His father took the feedbag off his own shoulder and handed it to his son. The boy was unnaturally strong for a six-year-old, able to hold it in front of him with both hands. Old Man Wei watched, ready to intervene at the sight of danger. He had seen people die from this, even people that did it for a while. Sometimes it was just a mean ox, but mostly it was because they forgot. The approach mattered most. If you came straight on at the beast it could take a bite at you. That was usually survivable. What was more dangerous was to come straight up from behind. Get there with an ox in a bad mood and it would kick you. That was often fatal but in times like this almost certainly so. Much of what rice they raised nowadays was requisitioned for the state, though not as bad as before. Someone with a broken arm or leg, out of work for a couple of months, that person would draw down the little food left for everybody. It was like blowing a hole in the life raft.

But the boy needed no correction. He approached from the side. And not just that, he was smart about it. Little Wei was careful not to move too fast and make a splash in the water. When he made it to the ox, he did not throw the feedbag on either, not right away. First contact was to rub an ear. Then he slid his hand behind the ear and scratched. The ox rubbed towards the scratch, a good sign, and let off a whisper of a whinny. When his wife still had it together, Little Wei’s father had a thousand arguments with her about the proper raising of a child. His mother argued that the boy must be raised hard, for hard times were ahead, but the father never agreed. Now it seemed his argument was winning out, the softness paying off. The feedbag was connected without problems and the ox ate.

Old Man Wei kept the boy beside him as the ox pulled along through the morning. He even let the boy grab the reins, although not hold them all on his own. It was important he understand the feel of it without getting dragged or breaking an arm. The life raft. As the sun rose from behind Sun Hill and the fog dissipated, the father spoke only to give instructions. Little Wei never answered for none of them were questions. It worried the father that the boy never talked now. He used to. Up until about a year ago he talked as much as any kid, but then the death of his big brother had ended all that. It was unknowable if the boy’s quietness were something he took after his mother or if it struck them both at the same time. Old Liu, a neighbor, gave the boy the nickname. Although his father wasn’t sure if making light of it were the right thing, he knew that Old Liu meant well. There was a softness in that man that only Wei and him possessed. So when the name stuck, even Little Wei’s father started using it.

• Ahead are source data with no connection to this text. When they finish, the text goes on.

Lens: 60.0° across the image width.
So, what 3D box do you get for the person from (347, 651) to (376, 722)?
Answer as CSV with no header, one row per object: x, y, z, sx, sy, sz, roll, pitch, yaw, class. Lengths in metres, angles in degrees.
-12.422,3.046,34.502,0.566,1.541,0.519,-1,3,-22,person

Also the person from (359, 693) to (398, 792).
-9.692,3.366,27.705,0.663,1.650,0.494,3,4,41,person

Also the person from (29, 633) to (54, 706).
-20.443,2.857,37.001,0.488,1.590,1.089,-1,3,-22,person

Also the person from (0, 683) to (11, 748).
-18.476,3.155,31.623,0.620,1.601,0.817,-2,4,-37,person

Noon found them on the levee with the Liu family. A light wind picked up, blowing the steam from their bowls of porridge. Old Liu pointed with his chopsticks at the ox. He said, “How was he this morning?”

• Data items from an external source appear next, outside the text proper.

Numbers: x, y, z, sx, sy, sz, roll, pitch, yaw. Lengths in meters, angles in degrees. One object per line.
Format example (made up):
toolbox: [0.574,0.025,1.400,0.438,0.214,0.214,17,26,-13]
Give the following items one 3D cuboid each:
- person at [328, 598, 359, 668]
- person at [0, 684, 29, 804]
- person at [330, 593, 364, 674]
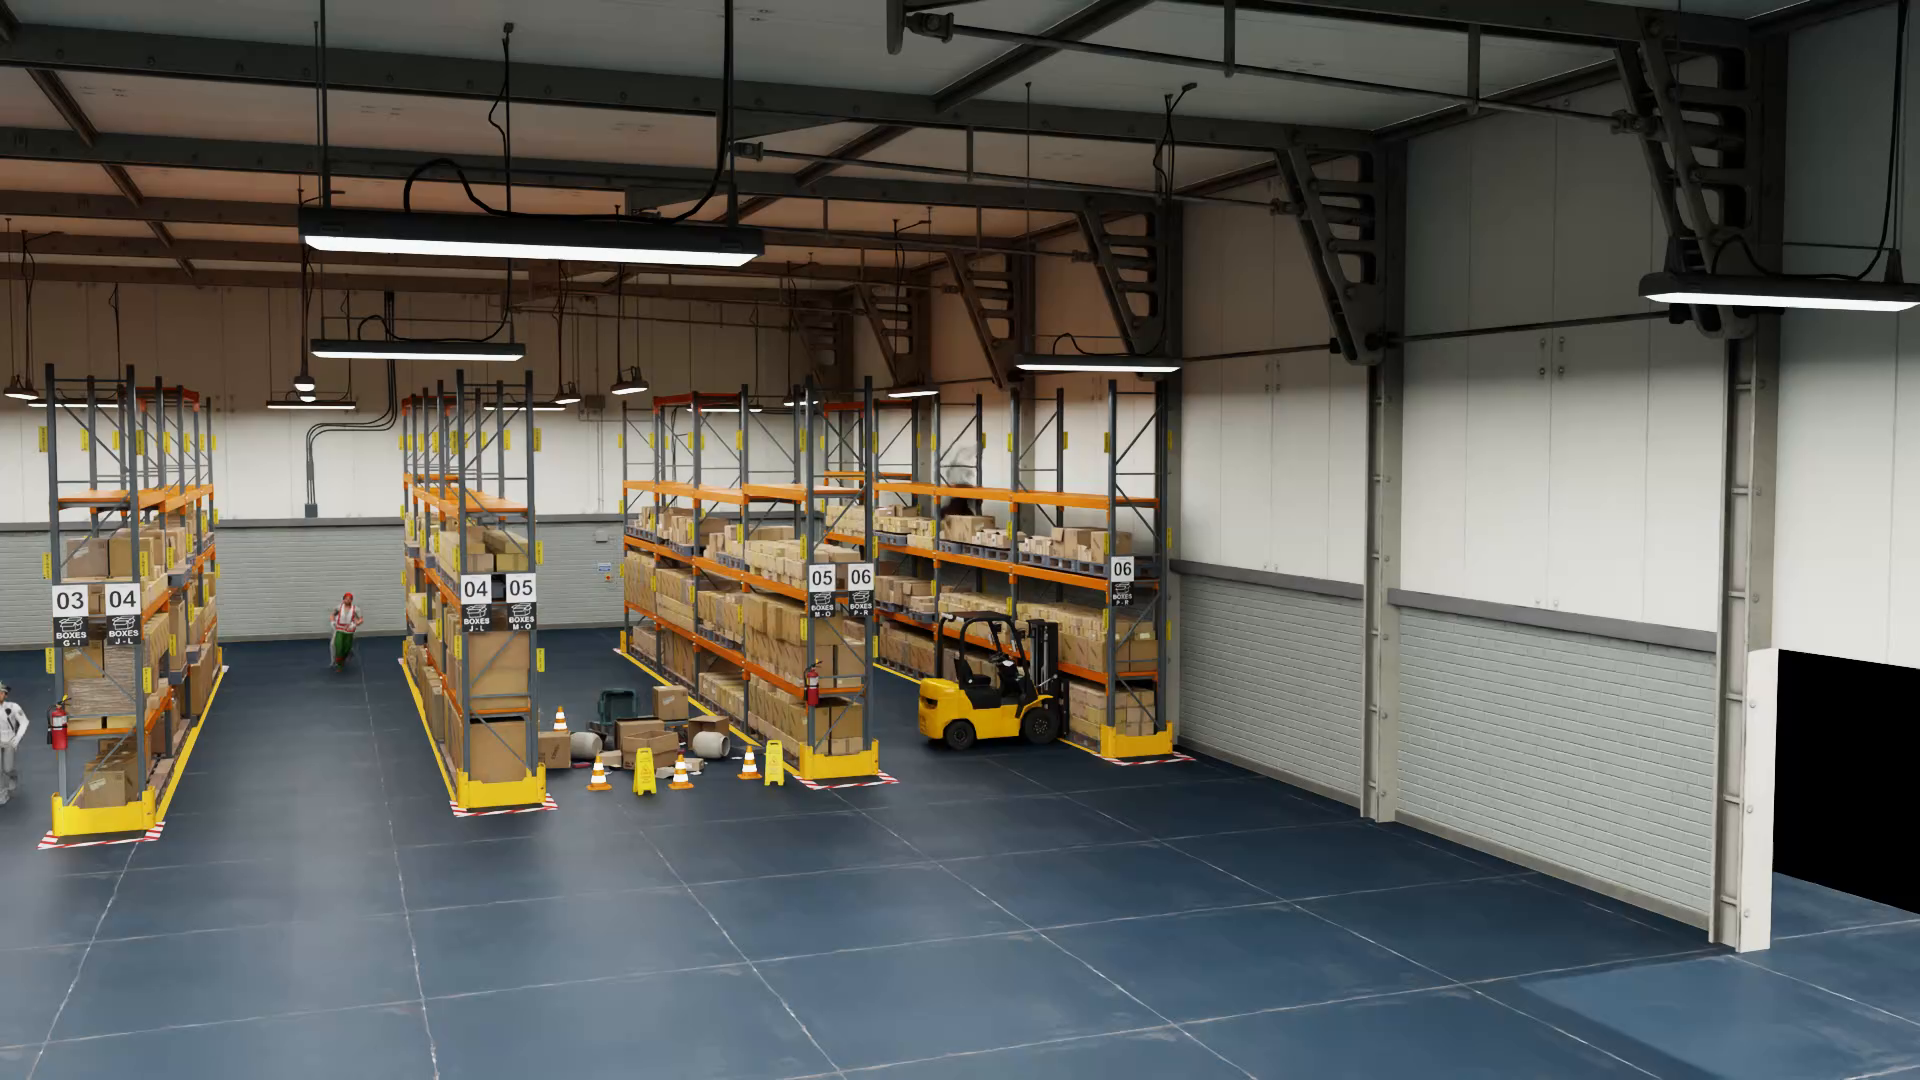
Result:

Old Man Wei nudged his boy sitting next to him. The boy said, “Not bad.”

“How do you think he will work for us this afternoon?” Old Liu asked. His eyebrows were thick as fat fingers. They bobbed up and down as he spoke.

Little Wei did not wait for the nudge this time. He said, “Not bad.”

“A man of few words. I respect that,” Old Liu said and laughed. He added, “Mr. Quiet.”

“I saw you put the feedbag on today,” said Old Liu’s son. The boy was rail thin. His elbows shot out like knives as he held up his bowl to his face. He had the same eyebrows as his father. “Was it hard?”

“Not bad,” Little Wei said.

Old Liu was about to make another comment when they heard singing, distant but beautiful. All heads turned figuring on finding a woman, but were surprised to find a small girl. Their mistake was understandable, though, because she was humming through her nose. She swung her fists as she walked, making a left face at the intersecting portion of the levee and heading towards them. They recognized the old the army song as she approached. Their confusion was born of the fact that she sang in such an upbeat way.

“Who is that?” Little Wei’s mother said. This caused all the heads to turn back towards her. It was the first question they could remember her asking in a year.